On May 18, 2018, the Colorado legislature sent HB 18-1128, an Act Concerning Strengthening Protections for Consumer Data Privacy, to the governor’s desk for execution. The bill is one of a number of recent efforts by states to respond to a slew of high profile breaches announced this year, including Equifax, Facebook, Panera Bread, Under Armour and – well, you get it.
The bill mimics a trend of inching toward the heightened and more specific standards employed by the EU’s General Data Protection Regulation. For example, HB-18-1128 replaces an ‘as soon as practicable’ breach notification requirement with a deadline of not later than 30 days from the date a breach is determined to have occurred. That’s more latitude than GDPR’s seemingly impossible 72-hour time limit (where feasible, of course), but it is another indication of regulators’ insistence on firm, identifiable timelines.
Also like the GDPR, the Colorado bill explicitly mandates that data is maintained “no longer than needed,” an example of the growing trend toward data minimization. With respect to security measures themselves, the bill requires “reasonable security procedures and practices that are appropriate to the nature of the personal identifying information and the nature and size of the business and its operations,” a ‘commercially reasonable’ standard of sorts that also mirrors the GDPR (appropriate technical and organizational measures in light of a host of factors). Want one more similarity? The bill requires covered entities to mandate implementation of reasonable security measures by third party service providers, another trend reflected both in the GDPR and newer legislation being passed or proposed around the country.
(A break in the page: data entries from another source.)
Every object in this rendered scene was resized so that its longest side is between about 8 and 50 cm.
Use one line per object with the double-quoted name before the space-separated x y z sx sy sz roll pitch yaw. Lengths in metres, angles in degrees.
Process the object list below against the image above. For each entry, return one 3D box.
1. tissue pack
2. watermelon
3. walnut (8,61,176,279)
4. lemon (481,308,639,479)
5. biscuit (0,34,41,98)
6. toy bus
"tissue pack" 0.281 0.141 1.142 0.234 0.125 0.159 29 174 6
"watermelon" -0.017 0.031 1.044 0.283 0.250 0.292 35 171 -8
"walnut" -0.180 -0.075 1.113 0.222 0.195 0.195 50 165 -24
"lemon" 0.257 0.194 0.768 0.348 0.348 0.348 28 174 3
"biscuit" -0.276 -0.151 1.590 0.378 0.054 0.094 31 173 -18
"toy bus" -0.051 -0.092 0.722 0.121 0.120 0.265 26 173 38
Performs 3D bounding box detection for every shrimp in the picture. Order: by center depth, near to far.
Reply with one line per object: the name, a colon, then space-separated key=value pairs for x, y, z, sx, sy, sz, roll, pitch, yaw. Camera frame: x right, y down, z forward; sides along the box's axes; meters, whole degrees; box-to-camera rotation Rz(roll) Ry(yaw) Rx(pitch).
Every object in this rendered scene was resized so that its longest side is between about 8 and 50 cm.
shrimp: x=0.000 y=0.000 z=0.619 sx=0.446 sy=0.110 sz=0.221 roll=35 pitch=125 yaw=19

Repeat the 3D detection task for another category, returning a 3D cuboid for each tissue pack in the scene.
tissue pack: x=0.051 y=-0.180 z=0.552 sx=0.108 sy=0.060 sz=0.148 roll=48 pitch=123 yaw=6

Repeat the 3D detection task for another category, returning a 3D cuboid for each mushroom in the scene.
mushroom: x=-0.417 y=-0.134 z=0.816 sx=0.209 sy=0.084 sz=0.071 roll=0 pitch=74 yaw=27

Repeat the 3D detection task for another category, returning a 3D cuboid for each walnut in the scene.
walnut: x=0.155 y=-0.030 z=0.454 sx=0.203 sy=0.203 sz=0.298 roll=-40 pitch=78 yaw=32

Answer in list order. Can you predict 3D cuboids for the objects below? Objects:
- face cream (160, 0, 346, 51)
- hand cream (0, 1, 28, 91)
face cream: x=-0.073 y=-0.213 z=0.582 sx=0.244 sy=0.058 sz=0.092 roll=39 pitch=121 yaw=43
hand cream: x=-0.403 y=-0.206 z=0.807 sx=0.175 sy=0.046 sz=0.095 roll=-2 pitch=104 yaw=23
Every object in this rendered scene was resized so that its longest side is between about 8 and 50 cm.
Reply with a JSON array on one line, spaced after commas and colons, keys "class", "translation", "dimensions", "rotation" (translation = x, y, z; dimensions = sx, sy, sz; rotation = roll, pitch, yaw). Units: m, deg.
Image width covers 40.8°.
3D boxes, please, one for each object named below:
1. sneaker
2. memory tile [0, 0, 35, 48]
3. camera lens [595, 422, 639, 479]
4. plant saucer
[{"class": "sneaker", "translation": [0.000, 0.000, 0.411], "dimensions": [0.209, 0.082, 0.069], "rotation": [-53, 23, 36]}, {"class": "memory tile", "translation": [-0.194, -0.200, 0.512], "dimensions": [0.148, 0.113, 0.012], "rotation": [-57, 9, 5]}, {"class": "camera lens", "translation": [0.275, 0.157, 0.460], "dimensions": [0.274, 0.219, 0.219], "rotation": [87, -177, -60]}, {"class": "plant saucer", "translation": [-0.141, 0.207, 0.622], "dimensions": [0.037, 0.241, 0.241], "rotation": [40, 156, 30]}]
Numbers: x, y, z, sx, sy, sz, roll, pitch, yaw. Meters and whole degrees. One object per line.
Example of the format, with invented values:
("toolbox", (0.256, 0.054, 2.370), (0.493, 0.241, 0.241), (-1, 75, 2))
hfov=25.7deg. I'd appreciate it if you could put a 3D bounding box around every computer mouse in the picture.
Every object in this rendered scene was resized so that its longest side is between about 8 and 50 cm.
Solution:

Another interesting facet of HB-1128 is its specifically stated set of requirements for the content of data breach notifications. This may be, however, something of a double edged sword. While the bill will render notifications more consistent for Colorado residents, as this level of specificity is adopted by additional states, the already difficult prospect of multi-state breach notification compliance is exacerbated.
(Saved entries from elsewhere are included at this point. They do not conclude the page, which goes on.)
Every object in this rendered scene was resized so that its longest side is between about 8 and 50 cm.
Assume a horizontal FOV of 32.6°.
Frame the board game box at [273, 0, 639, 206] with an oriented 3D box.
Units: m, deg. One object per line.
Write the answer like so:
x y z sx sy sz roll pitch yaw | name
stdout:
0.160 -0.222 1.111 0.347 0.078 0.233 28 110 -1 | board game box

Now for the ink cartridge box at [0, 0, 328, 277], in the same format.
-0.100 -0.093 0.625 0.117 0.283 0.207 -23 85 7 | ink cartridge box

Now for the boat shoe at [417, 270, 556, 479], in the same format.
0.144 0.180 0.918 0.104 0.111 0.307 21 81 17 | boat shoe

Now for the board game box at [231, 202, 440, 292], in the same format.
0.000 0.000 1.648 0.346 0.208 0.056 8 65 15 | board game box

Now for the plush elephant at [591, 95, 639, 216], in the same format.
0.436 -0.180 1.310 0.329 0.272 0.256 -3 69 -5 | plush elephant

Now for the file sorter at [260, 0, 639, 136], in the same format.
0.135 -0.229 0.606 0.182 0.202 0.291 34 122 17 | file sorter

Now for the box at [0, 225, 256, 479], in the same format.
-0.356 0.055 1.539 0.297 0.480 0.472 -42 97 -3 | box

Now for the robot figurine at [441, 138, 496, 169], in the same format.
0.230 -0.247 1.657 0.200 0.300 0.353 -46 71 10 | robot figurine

My takeaway: If you maintain consumer data, you should review the current state of the law in your jurisdiction and assess your policies and procedures for compliance, even you’ve done so in the last 12 months. The combination of very high profile breaches in 2018 and the EU’s enactment of the GDPR have privacy at the forefront for regulators and law-makers. With South Dakota and Alabama having just become the last two states to adopt their first breach notification laws, we can expect many states to revisit older legislation in the next 12-24 months.